Having located "format each detection" in the records below, repeat exactly the line it is on and all subsequent lines, ending with the last.
[[ DATA SECTION open ]]
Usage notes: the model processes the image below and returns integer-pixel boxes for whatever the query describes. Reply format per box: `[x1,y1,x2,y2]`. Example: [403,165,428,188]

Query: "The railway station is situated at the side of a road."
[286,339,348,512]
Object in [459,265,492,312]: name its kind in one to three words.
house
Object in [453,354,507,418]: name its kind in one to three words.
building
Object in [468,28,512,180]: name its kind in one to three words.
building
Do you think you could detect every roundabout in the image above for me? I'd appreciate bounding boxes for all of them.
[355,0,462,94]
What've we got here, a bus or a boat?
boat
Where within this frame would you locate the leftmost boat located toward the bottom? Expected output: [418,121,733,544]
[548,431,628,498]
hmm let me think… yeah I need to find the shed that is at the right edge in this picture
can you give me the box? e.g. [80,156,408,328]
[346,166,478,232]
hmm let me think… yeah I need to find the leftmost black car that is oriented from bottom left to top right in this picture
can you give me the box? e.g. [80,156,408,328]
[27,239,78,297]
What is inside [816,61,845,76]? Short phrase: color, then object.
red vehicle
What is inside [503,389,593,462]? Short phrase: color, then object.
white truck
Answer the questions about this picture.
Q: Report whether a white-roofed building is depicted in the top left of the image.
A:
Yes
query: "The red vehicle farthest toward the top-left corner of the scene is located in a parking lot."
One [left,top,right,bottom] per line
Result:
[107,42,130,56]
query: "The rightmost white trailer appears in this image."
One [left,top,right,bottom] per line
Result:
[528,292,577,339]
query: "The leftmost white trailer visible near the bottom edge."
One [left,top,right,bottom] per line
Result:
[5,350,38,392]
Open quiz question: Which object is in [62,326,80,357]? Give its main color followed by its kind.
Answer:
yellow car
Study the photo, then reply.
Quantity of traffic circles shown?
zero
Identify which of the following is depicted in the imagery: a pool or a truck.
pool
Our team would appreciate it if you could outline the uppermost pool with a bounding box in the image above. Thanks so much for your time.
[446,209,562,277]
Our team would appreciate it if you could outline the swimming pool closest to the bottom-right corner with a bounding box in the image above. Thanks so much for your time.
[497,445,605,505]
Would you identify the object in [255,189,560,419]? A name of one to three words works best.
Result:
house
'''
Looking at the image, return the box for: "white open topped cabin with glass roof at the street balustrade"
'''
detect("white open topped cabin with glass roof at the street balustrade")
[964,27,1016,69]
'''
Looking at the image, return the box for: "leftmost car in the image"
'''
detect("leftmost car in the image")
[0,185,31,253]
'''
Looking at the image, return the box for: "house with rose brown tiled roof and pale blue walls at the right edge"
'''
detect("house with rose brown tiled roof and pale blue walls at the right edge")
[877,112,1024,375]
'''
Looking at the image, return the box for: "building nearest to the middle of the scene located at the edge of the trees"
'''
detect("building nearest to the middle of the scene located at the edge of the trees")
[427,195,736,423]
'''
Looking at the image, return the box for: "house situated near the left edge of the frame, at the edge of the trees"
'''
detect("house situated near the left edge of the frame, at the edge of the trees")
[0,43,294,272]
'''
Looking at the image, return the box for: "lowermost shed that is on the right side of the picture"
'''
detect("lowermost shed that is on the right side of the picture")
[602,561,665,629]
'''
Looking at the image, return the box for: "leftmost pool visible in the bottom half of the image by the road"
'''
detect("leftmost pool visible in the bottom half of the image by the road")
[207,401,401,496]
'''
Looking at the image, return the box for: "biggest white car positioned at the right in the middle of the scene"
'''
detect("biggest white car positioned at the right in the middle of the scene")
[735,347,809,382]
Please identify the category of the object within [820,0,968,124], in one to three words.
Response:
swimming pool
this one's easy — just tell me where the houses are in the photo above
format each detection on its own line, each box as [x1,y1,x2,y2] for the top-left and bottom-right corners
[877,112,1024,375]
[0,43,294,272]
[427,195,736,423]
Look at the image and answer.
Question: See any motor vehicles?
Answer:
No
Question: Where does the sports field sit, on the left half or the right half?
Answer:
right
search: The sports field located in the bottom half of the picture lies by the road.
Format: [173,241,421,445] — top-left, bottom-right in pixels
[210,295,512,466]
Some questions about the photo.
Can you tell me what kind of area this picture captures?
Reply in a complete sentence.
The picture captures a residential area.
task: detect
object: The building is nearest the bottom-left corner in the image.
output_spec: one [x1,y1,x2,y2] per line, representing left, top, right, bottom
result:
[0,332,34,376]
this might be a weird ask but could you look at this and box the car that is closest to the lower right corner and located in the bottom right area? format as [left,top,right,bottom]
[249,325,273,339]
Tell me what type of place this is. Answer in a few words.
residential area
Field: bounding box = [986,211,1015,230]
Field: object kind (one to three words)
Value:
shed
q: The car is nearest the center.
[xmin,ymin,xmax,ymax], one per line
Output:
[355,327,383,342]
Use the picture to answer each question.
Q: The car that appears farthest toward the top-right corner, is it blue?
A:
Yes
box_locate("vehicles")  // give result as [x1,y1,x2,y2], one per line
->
[[ DATA SECTION closed ]]
FINISHED EXERCISE:
format each detection on its own line, each box as [x1,y1,x2,y2] for the top-left and bottom-right corners
[877,112,1024,375]
[0,43,294,272]
[427,195,736,423]
Look at the image and answer.
Question: See any motor vehicles?
Answer:
No
Question: Where does the sports field sit, on the left half or the right half?
Answer:
right
search: The sports field located in the bottom half of the picture lies by the road.
Format: [173,241,421,445] — top-left, bottom-right in pixels
[210,295,512,466]
Some questions about the photo.
Can you tell me what kind of area this picture captures?
Reply in a complete sentence.
The picture captures a residential area.
task: detect
object: The building is nearest the bottom-left corner in the image.
output_spec: one [x1,y1,x2,y2] per line, representing left, top, right, bottom
result:
[0,332,34,376]
this might be a weird ask but could you look at this and box the car that is closest to the lower right corner and located in the bottom right area? format as [left,top,right,bottom]
[249,325,273,339]
Tell me what type of place this is. Answer in a few words.
residential area
Field: bounding box = [986,211,1015,230]
Field: object kind (one to three words)
Value:
shed
q: The car is nearest the center.
[xmin,ymin,xmax,ymax], one per line
Output:
[355,327,383,342]
Use the picture to answer each question.
Q: The car that appears farthest toward the top-right corner, is it blue?
A:
Yes
box_locate("vehicles")  // give result as [x1,y1,x2,y2], one per line
->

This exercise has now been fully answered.